Pope’s Algeria visit spotlights colonial legacies and erasure of indigenous Berber-Christian heritage amid geopolitical soft power
Original framing: “In Annaba, Pope Leo XIV hails Algeria’s small Catholic flock and Saint Augustine” — Africa News
The original framing omits Algeria’s indigenous Berber-Christian heritage (e.g., the Donatist schism, pre-colonial Christian communities in Kabylie) and the state’s suppression of these histories under Arabisation policies. It also ignores the Vatican’s historical complicity in colonial violence in Algeria (e.g., French Catholic missions during the 1830–1962 occupation) and the modern geopolitical tensions between Algeria and the Holy See over religious freedom. Marginalised voices include Algerian secular intellectuals, Amazigh activists, and non-Catholic religious minorities who challenge the Vatican’s narrative of religious tolerance.
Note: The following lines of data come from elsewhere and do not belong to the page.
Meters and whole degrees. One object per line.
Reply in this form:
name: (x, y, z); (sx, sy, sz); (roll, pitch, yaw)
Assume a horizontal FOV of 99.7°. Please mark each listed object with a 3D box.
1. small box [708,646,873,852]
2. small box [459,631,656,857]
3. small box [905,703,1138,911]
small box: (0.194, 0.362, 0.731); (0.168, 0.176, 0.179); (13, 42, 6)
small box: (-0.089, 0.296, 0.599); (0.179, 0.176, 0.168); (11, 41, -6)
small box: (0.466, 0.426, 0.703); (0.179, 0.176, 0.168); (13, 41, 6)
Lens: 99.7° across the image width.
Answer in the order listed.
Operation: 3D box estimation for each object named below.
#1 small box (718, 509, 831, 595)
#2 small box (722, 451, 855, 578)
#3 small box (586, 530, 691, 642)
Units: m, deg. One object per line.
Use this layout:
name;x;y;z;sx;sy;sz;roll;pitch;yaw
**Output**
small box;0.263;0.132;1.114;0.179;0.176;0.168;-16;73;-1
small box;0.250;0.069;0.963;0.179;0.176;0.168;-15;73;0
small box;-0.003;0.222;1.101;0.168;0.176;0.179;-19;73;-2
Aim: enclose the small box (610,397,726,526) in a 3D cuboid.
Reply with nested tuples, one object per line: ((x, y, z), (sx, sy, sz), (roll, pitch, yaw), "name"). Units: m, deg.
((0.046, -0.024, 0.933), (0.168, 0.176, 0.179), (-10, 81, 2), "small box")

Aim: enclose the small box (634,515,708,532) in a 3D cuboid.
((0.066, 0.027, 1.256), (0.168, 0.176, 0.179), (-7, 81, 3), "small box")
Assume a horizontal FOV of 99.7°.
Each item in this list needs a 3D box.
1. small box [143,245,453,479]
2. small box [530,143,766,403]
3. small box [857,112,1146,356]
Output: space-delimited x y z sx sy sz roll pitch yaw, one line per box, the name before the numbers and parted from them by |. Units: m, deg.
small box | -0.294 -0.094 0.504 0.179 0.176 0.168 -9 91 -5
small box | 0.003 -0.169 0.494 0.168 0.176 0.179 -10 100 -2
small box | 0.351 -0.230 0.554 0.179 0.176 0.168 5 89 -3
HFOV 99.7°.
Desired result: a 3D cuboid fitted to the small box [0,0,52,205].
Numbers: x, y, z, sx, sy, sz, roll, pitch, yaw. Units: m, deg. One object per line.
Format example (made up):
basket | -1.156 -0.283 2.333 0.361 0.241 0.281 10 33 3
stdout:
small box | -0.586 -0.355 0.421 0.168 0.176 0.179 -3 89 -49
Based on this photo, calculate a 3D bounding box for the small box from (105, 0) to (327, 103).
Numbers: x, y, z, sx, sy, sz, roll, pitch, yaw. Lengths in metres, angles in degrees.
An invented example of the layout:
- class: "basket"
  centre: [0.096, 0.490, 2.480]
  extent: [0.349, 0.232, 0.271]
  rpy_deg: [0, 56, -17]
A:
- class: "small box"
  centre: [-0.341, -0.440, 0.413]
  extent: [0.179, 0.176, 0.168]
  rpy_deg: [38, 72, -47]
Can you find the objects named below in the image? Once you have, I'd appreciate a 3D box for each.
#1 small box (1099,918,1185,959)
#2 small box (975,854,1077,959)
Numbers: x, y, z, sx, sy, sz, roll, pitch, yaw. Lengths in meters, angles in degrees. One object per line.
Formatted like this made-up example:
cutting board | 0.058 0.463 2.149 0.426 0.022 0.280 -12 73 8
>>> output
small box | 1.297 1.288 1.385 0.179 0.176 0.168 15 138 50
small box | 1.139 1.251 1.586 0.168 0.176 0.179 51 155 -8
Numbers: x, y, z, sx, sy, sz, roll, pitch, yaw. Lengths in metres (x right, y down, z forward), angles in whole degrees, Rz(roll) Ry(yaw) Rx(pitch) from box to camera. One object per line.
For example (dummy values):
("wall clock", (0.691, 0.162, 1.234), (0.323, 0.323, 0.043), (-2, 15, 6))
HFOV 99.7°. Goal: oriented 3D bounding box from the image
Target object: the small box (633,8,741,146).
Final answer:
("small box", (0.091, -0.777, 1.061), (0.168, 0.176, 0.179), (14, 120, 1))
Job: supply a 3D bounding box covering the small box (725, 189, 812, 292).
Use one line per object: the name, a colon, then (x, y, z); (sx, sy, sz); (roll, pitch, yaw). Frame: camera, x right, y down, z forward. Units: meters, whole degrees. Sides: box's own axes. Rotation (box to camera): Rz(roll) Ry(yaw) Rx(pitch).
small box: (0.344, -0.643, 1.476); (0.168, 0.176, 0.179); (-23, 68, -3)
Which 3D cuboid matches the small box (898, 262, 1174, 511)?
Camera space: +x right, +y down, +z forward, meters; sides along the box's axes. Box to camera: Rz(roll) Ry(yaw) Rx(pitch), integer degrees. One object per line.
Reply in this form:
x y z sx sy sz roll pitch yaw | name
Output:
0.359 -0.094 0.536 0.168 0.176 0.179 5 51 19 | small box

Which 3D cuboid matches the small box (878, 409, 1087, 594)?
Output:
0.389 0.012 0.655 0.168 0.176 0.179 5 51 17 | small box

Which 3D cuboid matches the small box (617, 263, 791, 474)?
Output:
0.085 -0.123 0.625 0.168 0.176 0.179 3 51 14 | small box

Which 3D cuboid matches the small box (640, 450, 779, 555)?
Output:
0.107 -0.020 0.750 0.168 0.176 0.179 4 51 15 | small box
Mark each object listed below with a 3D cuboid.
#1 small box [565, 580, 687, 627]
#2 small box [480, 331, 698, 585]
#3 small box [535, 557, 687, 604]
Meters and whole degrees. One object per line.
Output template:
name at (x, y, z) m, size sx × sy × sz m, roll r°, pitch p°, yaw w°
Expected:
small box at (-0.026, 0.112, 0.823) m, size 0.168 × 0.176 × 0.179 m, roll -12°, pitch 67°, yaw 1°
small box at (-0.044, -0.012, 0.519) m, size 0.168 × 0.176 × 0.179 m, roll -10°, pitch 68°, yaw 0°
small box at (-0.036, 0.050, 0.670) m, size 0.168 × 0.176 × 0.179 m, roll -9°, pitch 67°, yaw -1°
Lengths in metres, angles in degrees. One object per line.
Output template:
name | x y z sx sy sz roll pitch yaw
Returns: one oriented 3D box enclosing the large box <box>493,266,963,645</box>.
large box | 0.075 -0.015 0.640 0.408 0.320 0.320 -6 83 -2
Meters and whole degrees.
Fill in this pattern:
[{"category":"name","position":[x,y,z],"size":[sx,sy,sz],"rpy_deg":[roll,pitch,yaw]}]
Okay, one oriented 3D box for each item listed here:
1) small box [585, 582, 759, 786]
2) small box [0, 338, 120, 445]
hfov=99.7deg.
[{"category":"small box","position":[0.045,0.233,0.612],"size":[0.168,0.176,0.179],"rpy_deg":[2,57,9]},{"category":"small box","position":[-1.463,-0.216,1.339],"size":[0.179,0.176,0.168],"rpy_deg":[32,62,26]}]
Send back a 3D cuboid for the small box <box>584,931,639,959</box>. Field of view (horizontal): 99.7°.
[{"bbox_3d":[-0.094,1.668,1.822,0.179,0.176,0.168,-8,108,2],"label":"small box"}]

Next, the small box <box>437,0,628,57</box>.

Low structural omission detected in mainstream coverage.
The narrative is produced by Africa News, a pan-African outlet with ties to Western-funded media ecosystems, amplifying Vatican-centric perspectives while marginalising Algerian secular and Islamic scholars. The framing serves the Catholic Church’s soft power agenda in Algeria, a majority-Muslim nation, and obscures Algeria’s post-independence policies that restrict religious proselytisation. It also aligns with French neo-colonial narratives that frame Algeria’s religious minorities as relics of colonial history, reinforcing a binary of 'Christian West' vs. 'Islamic East.'
The visit echoes 19th-century Catholic missions in Algeria, which framed colonial rule as a 'Christian duty' to 'save' North Africa from Islam, a narrative that persists in Vatican diplomacy today. Saint Augustine’s legacy is weaponised in colonial and post-colonial contexts—France cited his 'City of God' to justify its occupation, while Algeria’s post-independence government co-opted his North African origins to assert national pride while suppressing religious minorities. The Donatist schism (4th–5th centuries) reveals early Christian-Muslim tensions in North Africa, a historical parallel to today’s sectarian politics.
The Pope’s visit to Annaba is not merely a spiritual gesture but a microcosm of Algeria’s unresolved colonial legacies, where the Catholic Church’s soft power intersects with state secularism and indigenous erasure.